## Work order
When you copy the records that follow, please keep every word exactly as it is and leave out the pictures.

━━━━━ Supplied records ━━━━━

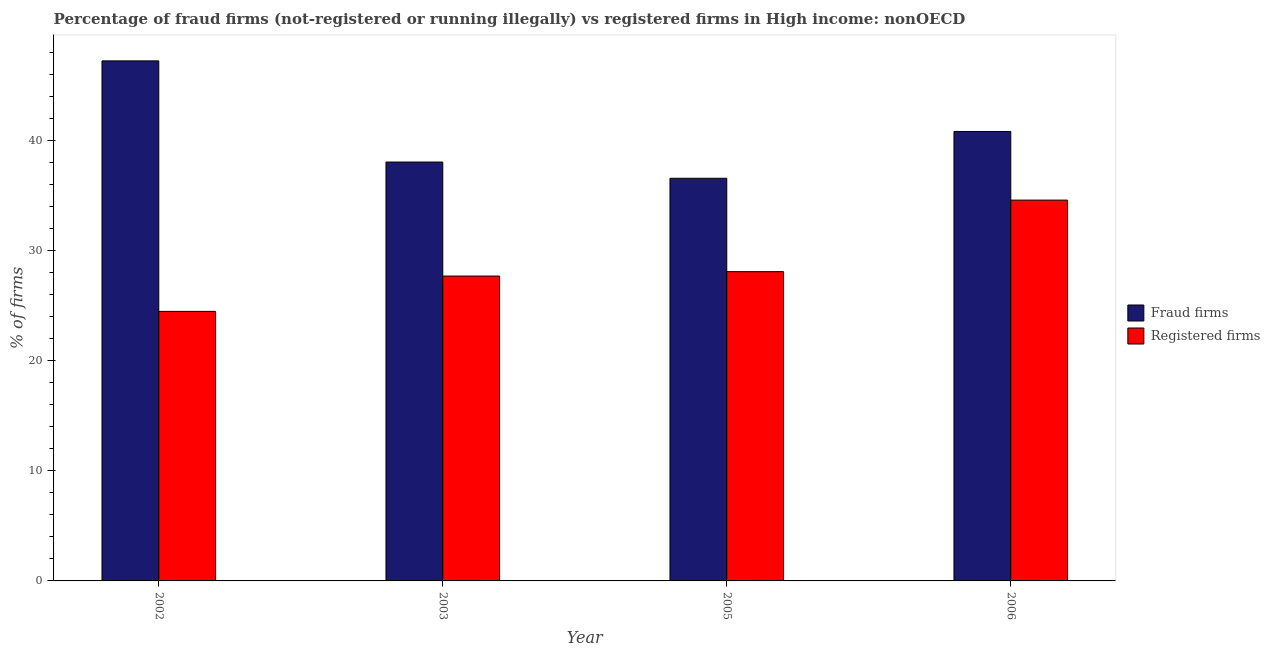Are the number of bars per tick equal to the number of legend labels?
Your response must be concise. Yes. Are the number of bars on each tick of the X-axis equal?
Your answer should be compact. Yes. How many bars are there on the 4th tick from the left?
Give a very brief answer. 2. How many bars are there on the 1st tick from the right?
Ensure brevity in your answer.  2. What is the label of the 1st group of bars from the left?
Keep it short and to the point. 2002. What is the percentage of registered firms in 2002?
Provide a short and direct response. 24.49. Across all years, what is the maximum percentage of fraud firms?
Make the answer very short. 47.25. Across all years, what is the minimum percentage of registered firms?
Provide a short and direct response. 24.49. What is the total percentage of registered firms in the graph?
Provide a succinct answer. 114.89. What is the difference between the percentage of registered firms in 2002 and that in 2005?
Your answer should be very brief. -3.61. What is the difference between the percentage of fraud firms in 2005 and the percentage of registered firms in 2003?
Give a very brief answer. -1.48. What is the average percentage of fraud firms per year?
Provide a succinct answer. 40.68. What is the ratio of the percentage of registered firms in 2003 to that in 2006?
Make the answer very short. 0.8. What is the difference between the highest and the lowest percentage of fraud firms?
Your response must be concise. 10.67. What does the 2nd bar from the left in 2003 represents?
Give a very brief answer. Registered firms. What does the 2nd bar from the right in 2003 represents?
Ensure brevity in your answer.  Fraud firms. How many years are there in the graph?
Your response must be concise. 4. What is the difference between two consecutive major ticks on the Y-axis?
Your response must be concise. 10. Are the values on the major ticks of Y-axis written in scientific E-notation?
Keep it short and to the point. No. Does the graph contain any zero values?
Provide a succinct answer. No. How many legend labels are there?
Your response must be concise. 2. How are the legend labels stacked?
Make the answer very short. Vertical. What is the title of the graph?
Your answer should be compact. Percentage of fraud firms (not-registered or running illegally) vs registered firms in High income: nonOECD. What is the label or title of the Y-axis?
Your answer should be compact. % of firms. What is the % of firms in Fraud firms in 2002?
Ensure brevity in your answer.  47.25. What is the % of firms of Registered firms in 2002?
Your answer should be compact. 24.49. What is the % of firms in Fraud firms in 2003?
Ensure brevity in your answer.  38.06. What is the % of firms of Registered firms in 2003?
Provide a succinct answer. 27.7. What is the % of firms of Fraud firms in 2005?
Provide a short and direct response. 36.58. What is the % of firms of Registered firms in 2005?
Provide a short and direct response. 28.1. What is the % of firms in Fraud firms in 2006?
Make the answer very short. 40.84. What is the % of firms in Registered firms in 2006?
Make the answer very short. 34.6. Across all years, what is the maximum % of firms of Fraud firms?
Keep it short and to the point. 47.25. Across all years, what is the maximum % of firms in Registered firms?
Make the answer very short. 34.6. Across all years, what is the minimum % of firms of Fraud firms?
Your answer should be compact. 36.58. Across all years, what is the minimum % of firms in Registered firms?
Your answer should be compact. 24.49. What is the total % of firms in Fraud firms in the graph?
Your response must be concise. 162.73. What is the total % of firms of Registered firms in the graph?
Keep it short and to the point. 114.89. What is the difference between the % of firms of Fraud firms in 2002 and that in 2003?
Your answer should be compact. 9.19. What is the difference between the % of firms in Registered firms in 2002 and that in 2003?
Your answer should be compact. -3.21. What is the difference between the % of firms in Fraud firms in 2002 and that in 2005?
Offer a terse response. 10.67. What is the difference between the % of firms in Registered firms in 2002 and that in 2005?
Make the answer very short. -3.61. What is the difference between the % of firms in Fraud firms in 2002 and that in 2006?
Offer a very short reply. 6.41. What is the difference between the % of firms of Registered firms in 2002 and that in 2006?
Provide a succinct answer. -10.11. What is the difference between the % of firms in Fraud firms in 2003 and that in 2005?
Offer a very short reply. 1.48. What is the difference between the % of firms of Registered firms in 2003 and that in 2005?
Provide a succinct answer. -0.4. What is the difference between the % of firms of Fraud firms in 2003 and that in 2006?
Your answer should be very brief. -2.78. What is the difference between the % of firms in Registered firms in 2003 and that in 2006?
Make the answer very short. -6.9. What is the difference between the % of firms of Fraud firms in 2005 and that in 2006?
Make the answer very short. -4.25. What is the difference between the % of firms of Fraud firms in 2002 and the % of firms of Registered firms in 2003?
Offer a very short reply. 19.55. What is the difference between the % of firms in Fraud firms in 2002 and the % of firms in Registered firms in 2005?
Make the answer very short. 19.15. What is the difference between the % of firms in Fraud firms in 2002 and the % of firms in Registered firms in 2006?
Give a very brief answer. 12.65. What is the difference between the % of firms of Fraud firms in 2003 and the % of firms of Registered firms in 2005?
Offer a terse response. 9.96. What is the difference between the % of firms in Fraud firms in 2003 and the % of firms in Registered firms in 2006?
Make the answer very short. 3.46. What is the difference between the % of firms in Fraud firms in 2005 and the % of firms in Registered firms in 2006?
Offer a terse response. 1.98. What is the average % of firms in Fraud firms per year?
Make the answer very short. 40.68. What is the average % of firms of Registered firms per year?
Make the answer very short. 28.72. In the year 2002, what is the difference between the % of firms of Fraud firms and % of firms of Registered firms?
Provide a succinct answer. 22.76. In the year 2003, what is the difference between the % of firms in Fraud firms and % of firms in Registered firms?
Offer a terse response. 10.36. In the year 2005, what is the difference between the % of firms in Fraud firms and % of firms in Registered firms?
Your answer should be very brief. 8.48. In the year 2006, what is the difference between the % of firms of Fraud firms and % of firms of Registered firms?
Your answer should be very brief. 6.24. What is the ratio of the % of firms in Fraud firms in 2002 to that in 2003?
Provide a succinct answer. 1.24. What is the ratio of the % of firms of Registered firms in 2002 to that in 2003?
Your response must be concise. 0.88. What is the ratio of the % of firms of Fraud firms in 2002 to that in 2005?
Your response must be concise. 1.29. What is the ratio of the % of firms of Registered firms in 2002 to that in 2005?
Ensure brevity in your answer.  0.87. What is the ratio of the % of firms of Fraud firms in 2002 to that in 2006?
Your answer should be very brief. 1.16. What is the ratio of the % of firms in Registered firms in 2002 to that in 2006?
Give a very brief answer. 0.71. What is the ratio of the % of firms in Fraud firms in 2003 to that in 2005?
Your response must be concise. 1.04. What is the ratio of the % of firms of Registered firms in 2003 to that in 2005?
Provide a succinct answer. 0.99. What is the ratio of the % of firms in Fraud firms in 2003 to that in 2006?
Make the answer very short. 0.93. What is the ratio of the % of firms in Registered firms in 2003 to that in 2006?
Offer a very short reply. 0.8. What is the ratio of the % of firms of Fraud firms in 2005 to that in 2006?
Make the answer very short. 0.9. What is the ratio of the % of firms of Registered firms in 2005 to that in 2006?
Provide a short and direct response. 0.81. What is the difference between the highest and the second highest % of firms of Fraud firms?
Keep it short and to the point. 6.41. What is the difference between the highest and the second highest % of firms in Registered firms?
Provide a short and direct response. 6.5. What is the difference between the highest and the lowest % of firms of Fraud firms?
Offer a terse response. 10.67. What is the difference between the highest and the lowest % of firms of Registered firms?
Make the answer very short. 10.11.

━━━━━

## Answer box
Are the number of bars per tick equal to the number of legend labels?
Your response must be concise. Yes. Are the number of bars on each tick of the X-axis equal?
Your answer should be compact. Yes. How many bars are there on the 4th tick from the left?
Give a very brief answer. 2. How many bars are there on the 1st tick from the right?
Ensure brevity in your answer.  2. What is the label of the 1st group of bars from the left?
Keep it short and to the point. 2002. What is the percentage of registered firms in 2002?
Provide a short and direct response. 24.49. Across all years, what is the maximum percentage of fraud firms?
Make the answer very short. 47.25. Across all years, what is the minimum percentage of registered firms?
Provide a short and direct response. 24.49. What is the total percentage of registered firms in the graph?
Provide a succinct answer. 114.89. What is the difference between the percentage of registered firms in 2002 and that in 2005?
Your answer should be very brief. -3.61. What is the difference between the percentage of fraud firms in 2005 and the percentage of registered firms in 2003?
Give a very brief answer. -1.48. What is the average percentage of fraud firms per year?
Provide a succinct answer. 40.68. What is the ratio of the percentage of registered firms in 2003 to that in 2006?
Make the answer very short. 0.8. What is the difference between the highest and the lowest percentage of fraud firms?
Your response must be concise. 10.67. What does the 2nd bar from the left in 2003 represents?
Give a very brief answer. Registered firms. What does the 2nd bar from the right in 2003 represents?
Ensure brevity in your answer.  Fraud firms. How many years are there in the graph?
Your response must be concise. 4. What is the difference between two consecutive major ticks on the Y-axis?
Your response must be concise. 10. Are the values on the major ticks of Y-axis written in scientific E-notation?
Keep it short and to the point. No. Does the graph contain any zero values?
Provide a succinct answer. No. How many legend labels are there?
Your response must be concise. 2. How are the legend labels stacked?
Make the answer very short. Vertical. What is the title of the graph?
Your answer should be compact. Percentage of fraud firms (not-registered or running illegally) vs registered firms in High income: nonOECD. What is the label or title of the Y-axis?
Your answer should be compact. % of firms. What is the % of firms in Fraud firms in 2002?
Ensure brevity in your answer.  47.25. What is the % of firms of Registered firms in 2002?
Your answer should be compact. 24.49. What is the % of firms in Fraud firms in 2003?
Ensure brevity in your answer.  38.06. What is the % of firms of Registered firms in 2003?
Provide a succinct answer. 27.7. What is the % of firms of Fraud firms in 2005?
Provide a short and direct response. 36.58. What is the % of firms of Registered firms in 2005?
Provide a short and direct response. 28.1. What is the % of firms in Fraud firms in 2006?
Make the answer very short. 40.84. What is the % of firms in Registered firms in 2006?
Make the answer very short. 34.6. Across all years, what is the maximum % of firms of Fraud firms?
Keep it short and to the point. 47.25. Across all years, what is the maximum % of firms in Registered firms?
Make the answer very short. 34.6. Across all years, what is the minimum % of firms of Fraud firms?
Your answer should be compact. 36.58. Across all years, what is the minimum % of firms in Registered firms?
Your answer should be compact. 24.49. What is the total % of firms in Fraud firms in the graph?
Your response must be concise. 162.73. What is the total % of firms of Registered firms in the graph?
Keep it short and to the point. 114.89. What is the difference between the % of firms of Fraud firms in 2002 and that in 2003?
Your answer should be compact. 9.19. What is the difference between the % of firms in Registered firms in 2002 and that in 2003?
Your answer should be compact. -3.21. What is the difference between the % of firms in Fraud firms in 2002 and that in 2005?
Offer a terse response. 10.67. What is the difference between the % of firms in Registered firms in 2002 and that in 2005?
Make the answer very short. -3.61. What is the difference between the % of firms in Fraud firms in 2002 and that in 2006?
Offer a very short reply. 6.41. What is the difference between the % of firms of Registered firms in 2002 and that in 2006?
Provide a succinct answer. -10.11. What is the difference between the % of firms in Fraud firms in 2003 and that in 2005?
Offer a very short reply. 1.48. What is the difference between the % of firms of Registered firms in 2003 and that in 2005?
Provide a succinct answer. -0.4. What is the difference between the % of firms of Fraud firms in 2003 and that in 2006?
Your answer should be very brief. -2.78. What is the difference between the % of firms in Registered firms in 2003 and that in 2006?
Make the answer very short. -6.9. What is the difference between the % of firms of Fraud firms in 2005 and that in 2006?
Make the answer very short. -4.25. What is the difference between the % of firms of Fraud firms in 2002 and the % of firms of Registered firms in 2003?
Offer a very short reply. 19.55. What is the difference between the % of firms in Fraud firms in 2002 and the % of firms in Registered firms in 2005?
Make the answer very short. 19.15. What is the difference between the % of firms in Fraud firms in 2002 and the % of firms in Registered firms in 2006?
Give a very brief answer. 12.65. What is the difference between the % of firms of Fraud firms in 2003 and the % of firms of Registered firms in 2005?
Offer a terse response. 9.96. What is the difference between the % of firms in Fraud firms in 2003 and the % of firms in Registered firms in 2006?
Make the answer very short. 3.46. What is the difference between the % of firms in Fraud firms in 2005 and the % of firms in Registered firms in 2006?
Offer a terse response. 1.98. What is the average % of firms in Fraud firms per year?
Make the answer very short. 40.68. What is the average % of firms of Registered firms per year?
Make the answer very short. 28.72. In the year 2002, what is the difference between the % of firms of Fraud firms and % of firms of Registered firms?
Provide a succinct answer. 22.76. In the year 2003, what is the difference between the % of firms in Fraud firms and % of firms in Registered firms?
Offer a terse response. 10.36. In the year 2005, what is the difference between the % of firms in Fraud firms and % of firms in Registered firms?
Your answer should be very brief. 8.48. In the year 2006, what is the difference between the % of firms of Fraud firms and % of firms of Registered firms?
Your answer should be very brief. 6.24. What is the ratio of the % of firms in Fraud firms in 2002 to that in 2003?
Provide a succinct answer. 1.24. What is the ratio of the % of firms of Registered firms in 2002 to that in 2003?
Your response must be concise. 0.88. What is the ratio of the % of firms of Fraud firms in 2002 to that in 2005?
Your response must be concise. 1.29. What is the ratio of the % of firms of Registered firms in 2002 to that in 2005?
Ensure brevity in your answer.  0.87. What is the ratio of the % of firms of Fraud firms in 2002 to that in 2006?
Your answer should be very brief. 1.16. What is the ratio of the % of firms in Registered firms in 2002 to that in 2006?
Give a very brief answer. 0.71. What is the ratio of the % of firms in Fraud firms in 2003 to that in 2005?
Your response must be concise. 1.04. What is the ratio of the % of firms of Registered firms in 2003 to that in 2005?
Provide a succinct answer. 0.99. What is the ratio of the % of firms in Fraud firms in 2003 to that in 2006?
Make the answer very short. 0.93. What is the ratio of the % of firms in Registered firms in 2003 to that in 2006?
Offer a very short reply. 0.8. What is the ratio of the % of firms of Fraud firms in 2005 to that in 2006?
Make the answer very short. 0.9. What is the ratio of the % of firms of Registered firms in 2005 to that in 2006?
Provide a short and direct response. 0.81. What is the difference between the highest and the second highest % of firms of Fraud firms?
Keep it short and to the point. 6.41. What is the difference between the highest and the second highest % of firms in Registered firms?
Provide a short and direct response. 6.5. What is the difference between the highest and the lowest % of firms of Fraud firms?
Offer a terse response. 10.67. What is the difference between the highest and the lowest % of firms of Registered firms?
Make the answer very short. 10.11.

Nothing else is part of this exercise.